In a preferred embodiment, a portable programming transceiver receives a GPS signal representative of the transceiver""s coordinates and transmits these coordinates to a remotely located control station. These coordinates are used by the control station to define a point on the boundary of a confinement area. The portable programming transceiver is moved along the perimeter of the confinement area and continually transmits additional coordinates to the control station thus contiguously defining the boundary of the confinement area. By this method the boundary is represented by any closed curve, often a simple closed curve, in addition to conventional rectilinear shapes. The area outside the boundary is designated as an exclusion area and the area within the boundary is designated as a permissible area, i.e. the confinement area. Optionally, additional boundaries may be defined within the established confinement area to create the inside exclusion zones through selected use of the portable programming transceiver. Further, a collar transceiver, attached to an animal, receives a separate GPS signal representative of the collar transceiver""s coordinates. These coordinates are transmitted to the control station where they are compared to the definition of the confinement area. When the collar transceiver""s location is a determined to be too close to any boundary associated with the confinement area, a signal is transmitted by the control station to the collar transceiver which activates a stimulus generator, located in the collar transceiver, to correct the animal. The stimulus may be applied based on additional factors such as animal velocity toward a boundary as well as proximity to the boundary. Accordingly, the application of a stimulus may not be exclusively dependent on relative animal position to a boundary alone. For example, an animal that is asleep, or otherwise not moving, at a location within three feet of a boundary may not require any stimulus at all, whereas an animal moving at a rapid rate of speed toward the boundary at a location within three feet of the boundary may require an immediate stimulus to deter further movement toward the boundary.

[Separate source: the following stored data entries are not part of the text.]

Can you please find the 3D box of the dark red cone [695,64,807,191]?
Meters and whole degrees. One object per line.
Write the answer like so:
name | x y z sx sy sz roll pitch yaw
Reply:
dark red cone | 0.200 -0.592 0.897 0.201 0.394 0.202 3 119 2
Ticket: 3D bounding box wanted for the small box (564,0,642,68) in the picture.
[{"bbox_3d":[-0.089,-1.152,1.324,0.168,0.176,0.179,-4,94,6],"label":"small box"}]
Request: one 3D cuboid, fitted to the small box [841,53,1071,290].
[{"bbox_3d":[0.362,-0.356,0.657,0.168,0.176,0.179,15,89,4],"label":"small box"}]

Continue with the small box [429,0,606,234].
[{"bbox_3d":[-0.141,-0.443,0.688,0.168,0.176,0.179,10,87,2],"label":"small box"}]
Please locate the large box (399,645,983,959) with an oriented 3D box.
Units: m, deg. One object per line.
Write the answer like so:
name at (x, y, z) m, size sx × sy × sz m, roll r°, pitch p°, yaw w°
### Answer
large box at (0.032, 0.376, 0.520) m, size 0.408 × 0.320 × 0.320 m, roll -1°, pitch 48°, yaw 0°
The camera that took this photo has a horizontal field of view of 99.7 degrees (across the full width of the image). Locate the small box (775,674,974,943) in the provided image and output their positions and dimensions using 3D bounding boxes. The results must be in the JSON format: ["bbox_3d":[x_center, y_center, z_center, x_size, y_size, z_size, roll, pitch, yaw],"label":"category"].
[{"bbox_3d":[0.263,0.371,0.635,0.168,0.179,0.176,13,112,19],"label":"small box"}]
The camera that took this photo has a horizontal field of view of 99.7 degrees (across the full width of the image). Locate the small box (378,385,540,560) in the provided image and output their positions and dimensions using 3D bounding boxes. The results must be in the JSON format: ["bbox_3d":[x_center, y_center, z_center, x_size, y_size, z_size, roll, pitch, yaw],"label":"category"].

In an alternate embodiment, the portable collar transceiver, prior to being attached to the animal, may be used in a programming mode, instead of using a separate programmable transceiver, to define the boundary of a confinement area in a manner similar to that of the portable programming transceiver. That is, when operated in a boundary programming mode, the collar transceiver receives a GPS signal representative of the transceiver""s coordinates and transmits these coordinates to a remotely located control station. These coordinates are used by the control station to define a point on the boundary of the confinement area. The collar transceiver is moved along the perimeter of the confinement area, such as a yard, and continually transmits additional coordinates to the control station thus contiguously defining the boundary of the confinement area. By this method the boundary may be represented by any closed curve, often a simple closed curve, in addition to conventional rectilinear shapes. The area outside the boundary is designated as an exclusion area and the area within the boundary is designated as a permissible area, i.e. the confinement area. Optionally, additional inside boundaries may be defined within the established confinement area to create further inside exclusion zones, such as around a flower garden. The collar transceiver is then switched out of programming mode and into its operational mode. The collar is placed on the animal, where it functions in conjunction with the control station for the purpose of generating a stimulus when the animal approaches an exclusion area boundary.